# Wendy Conner, aka CuteFatchick, aka Big Cutie Wendy has passed away at 41



## cazagordas (Jan 21, 2020)

https://www.dignitymemorial.com/obi...3n7KyNSxR1chC-7FTtJCWteR3Y20LhPWkTcgnN_n4_zy4

We used to be very close. I'm sad about this.


----------



## LJ Rock (Jan 21, 2020)

cazagordas said:


> https://www.dignitymemorial.com/obi...3n7KyNSxR1chC-7FTtJCWteR3Y20LhPWkTcgnN_n4_zy4
> 
> We used to be very close. I'm sad about this.


 
I remember her. I don't think I ever really spoke with her or got to know her at all, but she certainly always seemed to me to be a positive presence around here. Sad news indeed. RIP

Thank you for sharing, cazagordas.
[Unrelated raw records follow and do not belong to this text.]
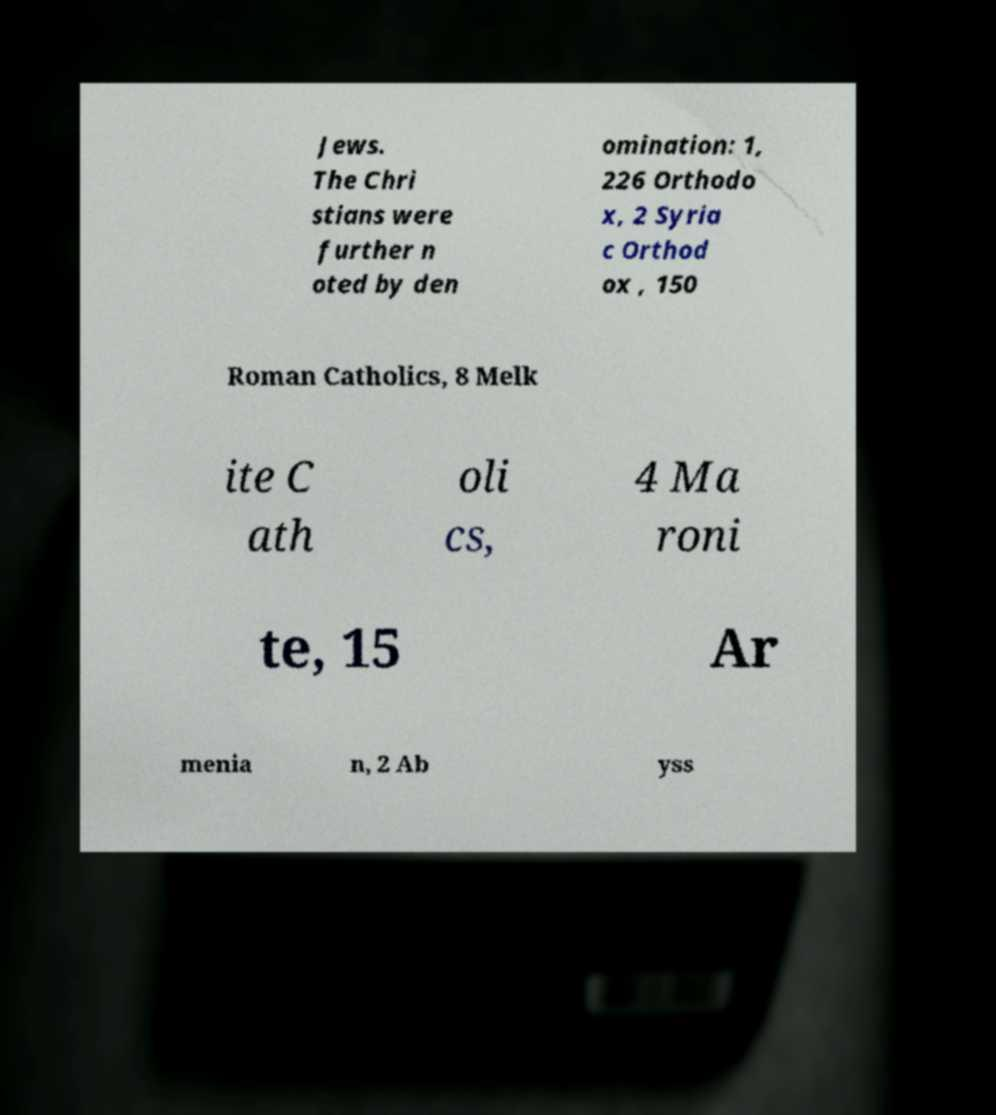What messages or text are displayed in this image? I need them in a readable, typed format. Jews. The Chri stians were further n oted by den omination: 1, 226 Orthodo x, 2 Syria c Orthod ox , 150 Roman Catholics, 8 Melk ite C ath oli cs, 4 Ma roni te, 15 Ar menia n, 2 Ab yss 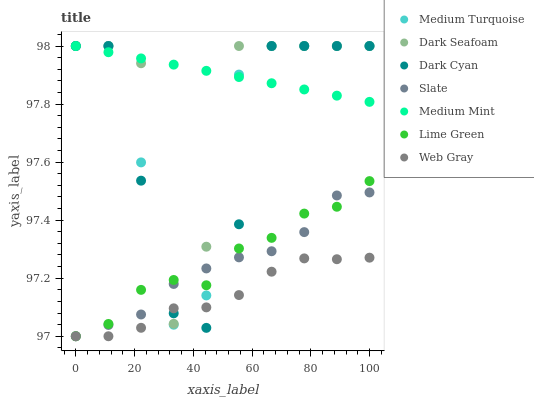Does Web Gray have the minimum area under the curve?
Answer yes or no. Yes. Does Medium Mint have the maximum area under the curve?
Answer yes or no. Yes. Does Slate have the minimum area under the curve?
Answer yes or no. No. Does Slate have the maximum area under the curve?
Answer yes or no. No. Is Medium Mint the smoothest?
Answer yes or no. Yes. Is Dark Seafoam the roughest?
Answer yes or no. Yes. Is Web Gray the smoothest?
Answer yes or no. No. Is Web Gray the roughest?
Answer yes or no. No. Does Web Gray have the lowest value?
Answer yes or no. Yes. Does Dark Seafoam have the lowest value?
Answer yes or no. No. Does Dark Cyan have the highest value?
Answer yes or no. Yes. Does Slate have the highest value?
Answer yes or no. No. Is Lime Green less than Medium Mint?
Answer yes or no. Yes. Is Medium Mint greater than Lime Green?
Answer yes or no. Yes. Does Medium Turquoise intersect Dark Cyan?
Answer yes or no. Yes. Is Medium Turquoise less than Dark Cyan?
Answer yes or no. No. Is Medium Turquoise greater than Dark Cyan?
Answer yes or no. No. Does Lime Green intersect Medium Mint?
Answer yes or no. No. 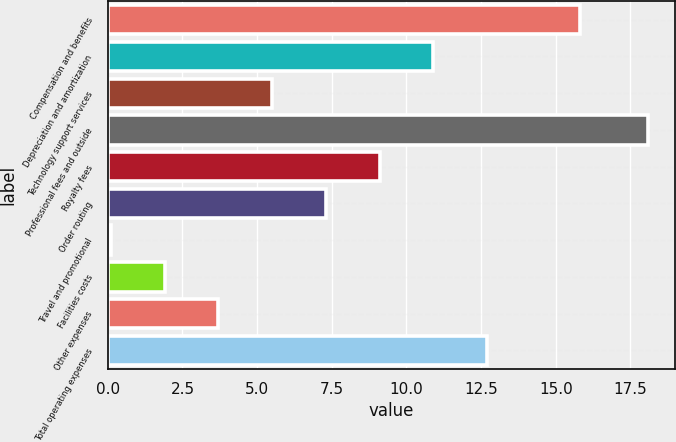Convert chart to OTSL. <chart><loc_0><loc_0><loc_500><loc_500><bar_chart><fcel>Compensation and benefits<fcel>Depreciation and amortization<fcel>Technology support services<fcel>Professional fees and outside<fcel>Royalty fees<fcel>Order routing<fcel>Travel and promotional<fcel>Facilities costs<fcel>Other expenses<fcel>Total operating expenses<nl><fcel>15.8<fcel>10.9<fcel>5.5<fcel>18.1<fcel>9.1<fcel>7.3<fcel>0.1<fcel>1.9<fcel>3.7<fcel>12.7<nl></chart>

Peace be with you.


----------



## ScreamingChicken (Jan 21, 2020)

Only 41? Way too young.


----------



## BigElectricKat (Jan 27, 2020)

That's a shame. Sorry for the loss.


----------



## extra_m13 (Jan 28, 2020)

sad to read about this , sorry for your loss


----------



## ATrueFA (Feb 5, 2020)

Wow, that is really sad. I haven't heard from her in years. We hung out together a few times almost 15 years ago now. We didn't live that far apart back then.


----------



## Lastminute.Tom (Feb 6, 2020)

I'm sure Wendy will be fondly remembered here Caz


----------